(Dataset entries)
----------------------------------------
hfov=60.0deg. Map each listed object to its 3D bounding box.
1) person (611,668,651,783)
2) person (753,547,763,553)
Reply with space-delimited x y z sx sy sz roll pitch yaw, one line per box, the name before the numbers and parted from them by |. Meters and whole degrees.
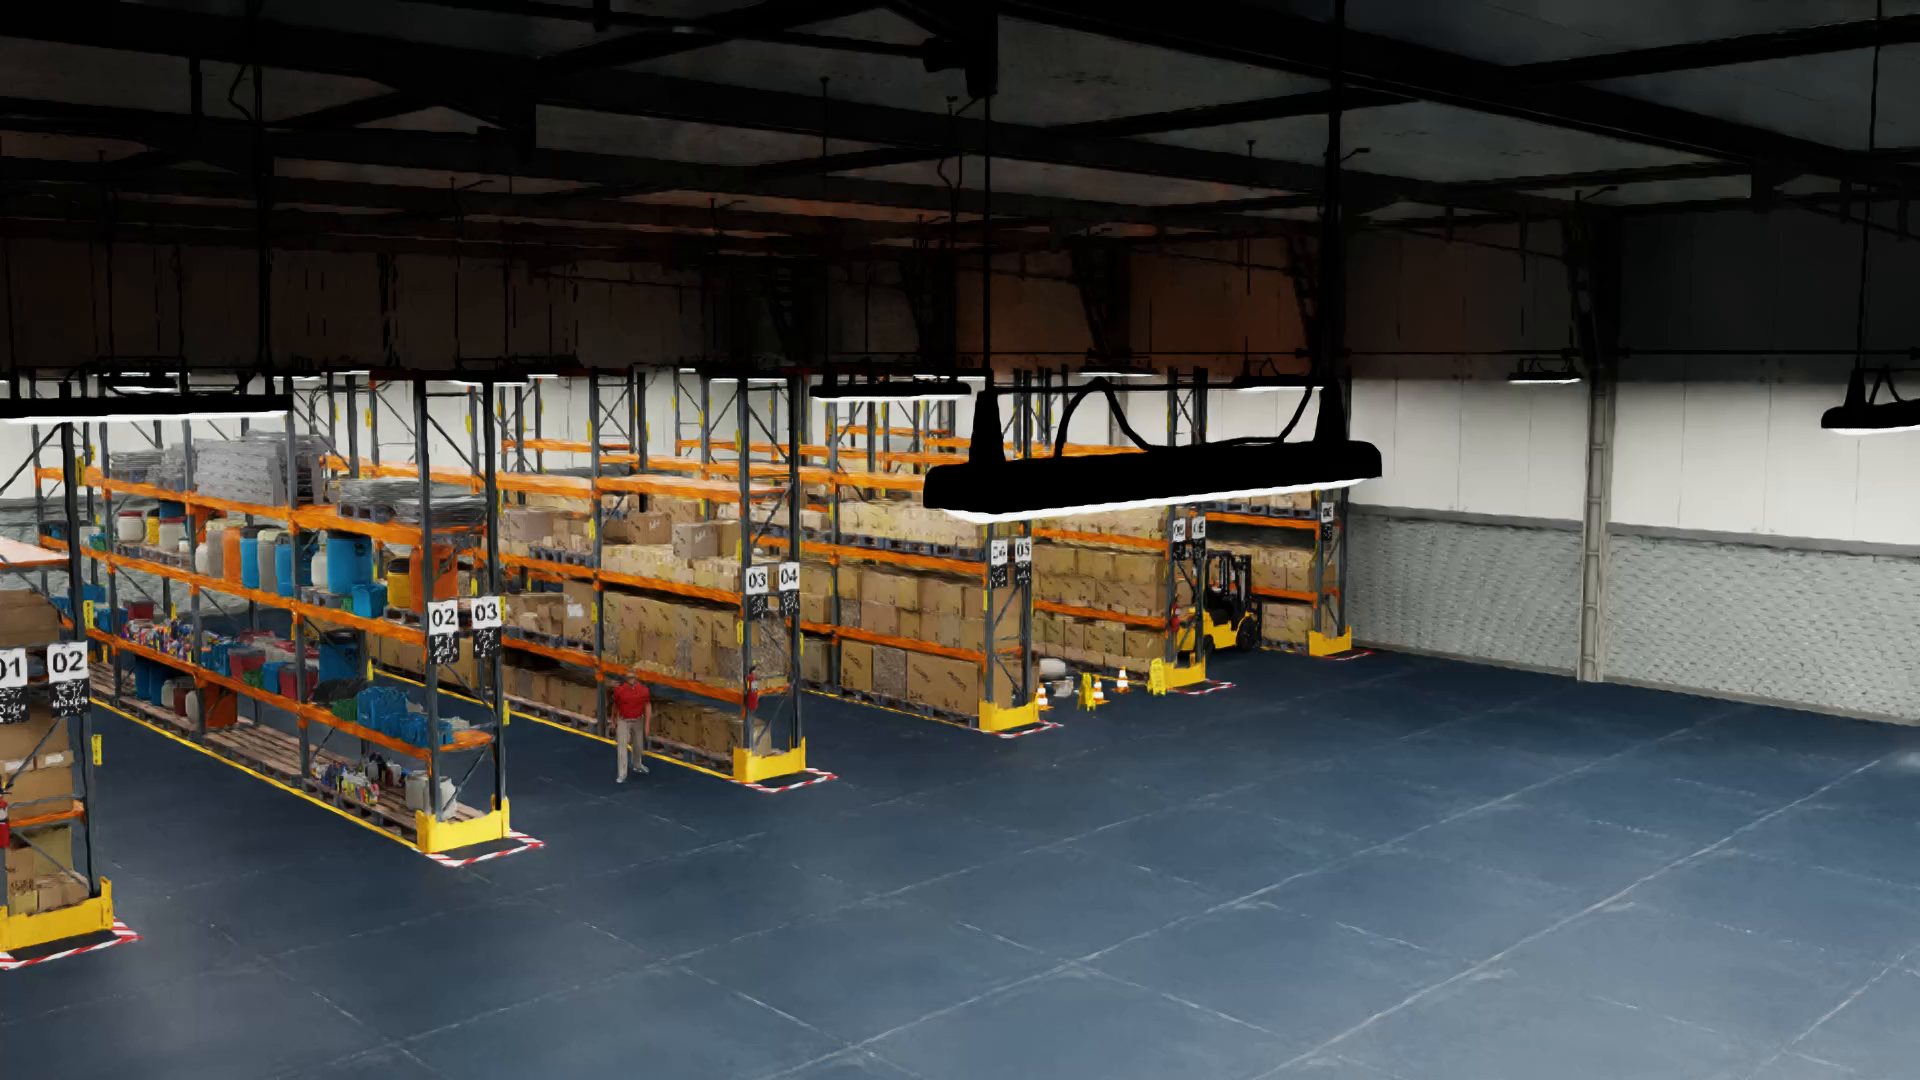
person | -4.867 2.715 24.637 0.586 1.678 0.951 -2 7 -16
person | -4.749 1.051 38.928 0.594 1.763 0.681 -3 7 -25
----------------------------------------
About this exercise: What is needed is an exact copy of the records above, with no pictures in it.

Answer to this task:
hfov=60.0deg. Map each listed object to its 3D bounding box.
1) person (611,668,651,783)
2) person (753,547,763,553)
Reply with space-delimited x y z sx sy sz roll pitch yaw, one line per box, the name before the numbers and parted from them by |. Meters and whole degrees.
person | -4.867 2.715 24.637 0.586 1.678 0.951 -2 7 -16
person | -4.749 1.051 38.928 0.594 1.763 0.681 -3 7 -25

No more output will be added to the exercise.